Data is loaded to the CPU cache from the main memory in blocks. For example, this demonstration used a processor with a cache block size of 64 bytes. For data type long
, which has a size of 8 bytes, the same block can contain up to eight different elements. That means that whenever a block with long
data is read from the main memory, 8 values are loaded to the cache.
Accessing data from nearby memory locations is known as spatial locality. If we access the data in the order it’s stored in the main memory (sequential access), we’ll make the best use of the fast access cache memories. In the context of our example program, after the initial cache miss, there are 7 more values loaded in the same cache block. If the next array references are to the elements contained in that block, the processor will be able to load them fast and the program performance will improve. We’ll have only 1 miss out of 8 loads. See that 1/8 corresponds to 12.5%, which is about the cache miss percentage of the row-major program!
On the other hand, accessing data non-sequentially is sub-optimal. In general, accessing data every k elements is called a stride-k access pattern. For example, a stride-2 access pattern would access elements i, i + 2, i + 4, etc in a linear array. Let’s take a stride-8 access pattern. If every block contains 8 elements, we’ll need one block for each array reference. This pattern leads to the highest miss rate.
Now that we know about caching, the key to explaining the performance results is to understand how data is stored in memory for a multidimensional array.
Array data storage in memory
All arrays store data in contiguous memory addresses. For a linear array, this is quite simple. If the first element is at address i
, the second one is at i + 1
, and so on.
Multidimensional arrays are actually the same. When we compile our program, all multidimensional arrays are “converted” to linear arrays. Programming languages such as C, store the memory elements in row-major order.

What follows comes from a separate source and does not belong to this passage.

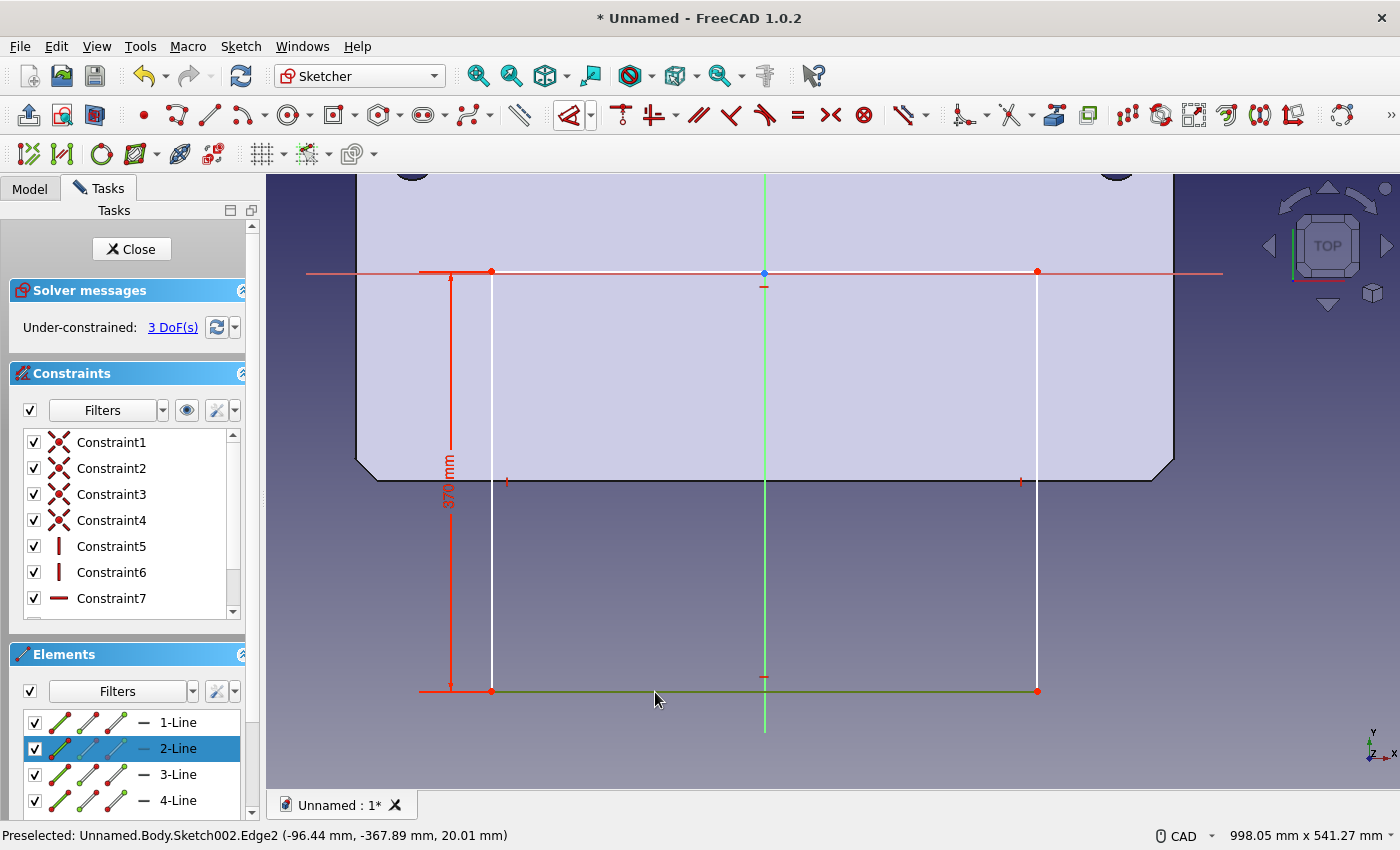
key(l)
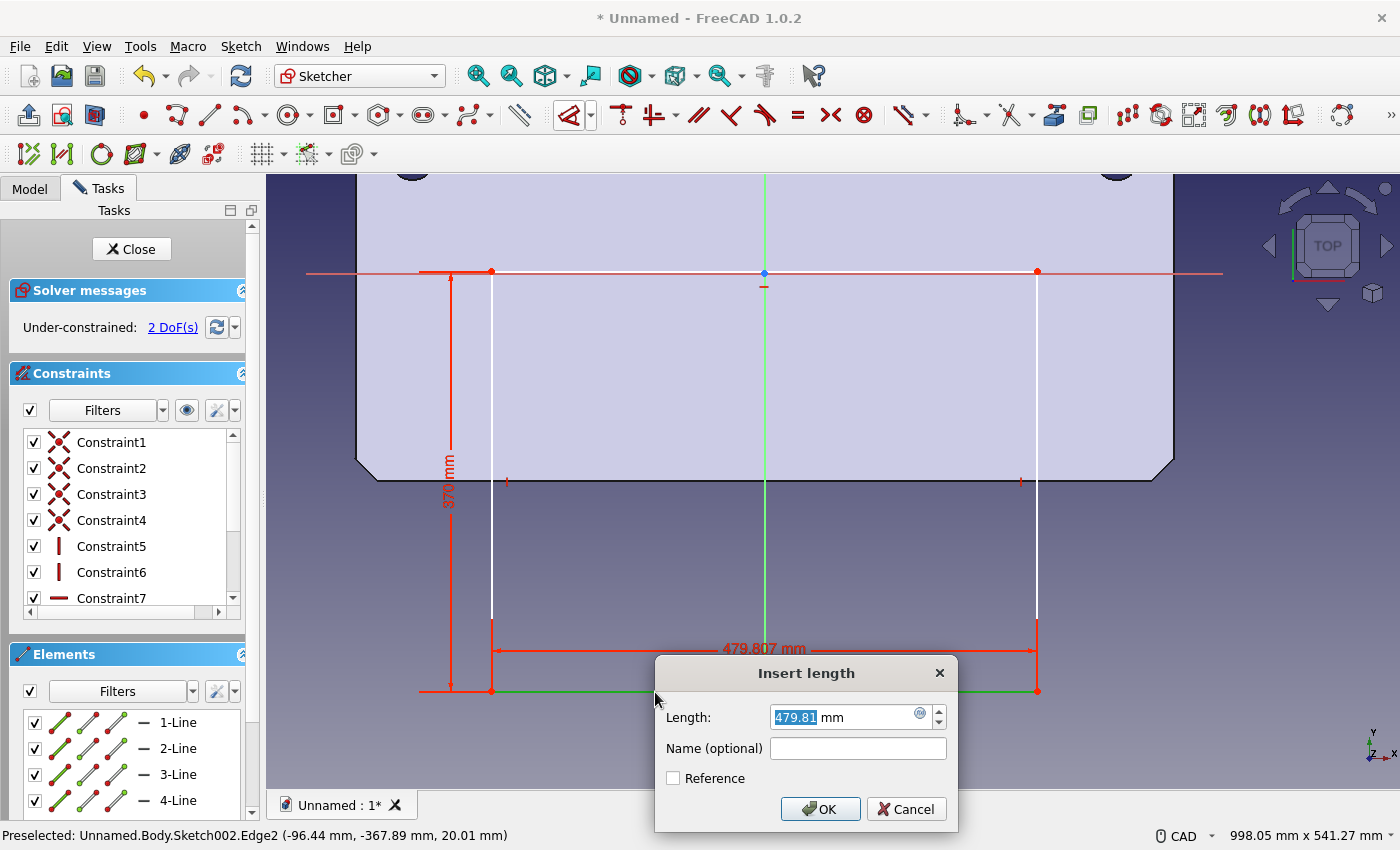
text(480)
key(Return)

Row-major order is used in C/C++/Objective-C (for C-style arrays), PL/I, Pascal, Speakeasy, SAS, and Rasdaman.
Wikipedia
That means that when we access our data in row-major order, we’re actually accessing elements in the order they are stored in memory. We’re accessing elements sequentially.
On the other hand, accessing data in column-major order, when the data is actually stored in row-major order, is the same as accessing data in a stride-k access pattern, where k is the number of columns. This explains why the cache miss rate is greater for the column-major version of our program. And also why we reach a maximum miss rate at 8 columns. Since the cache block size is 64 bytes, each block contains 8 long
data elements. Requesting data at a stride-8 or greater is the same as requesting a new block with every array reference.
However, referencing array elements in row-major order isn’t an absolute rule. Some programming languages store elements in column-major order. For those programming languages, the best approach is to reference arrays in column-major order.
Column-major order is used in Fortran, MATLAB, GNU Octave, S-Plus, R, Julia, and Scilab.
Wikipedia
Multidimensional arrays
While it’s a bit difficult to visualize how a multidimensional array (other than 2D) is transformed to a linear array in row-major order, there’s a simple rule that can be used to reference elements sequentially.
While referencing the elements as A[n0][n1]...[ni]
, the indices should vary faster as we move towards the right. That means ni is modified the fastest and n0 the slowest as we loop through the elements.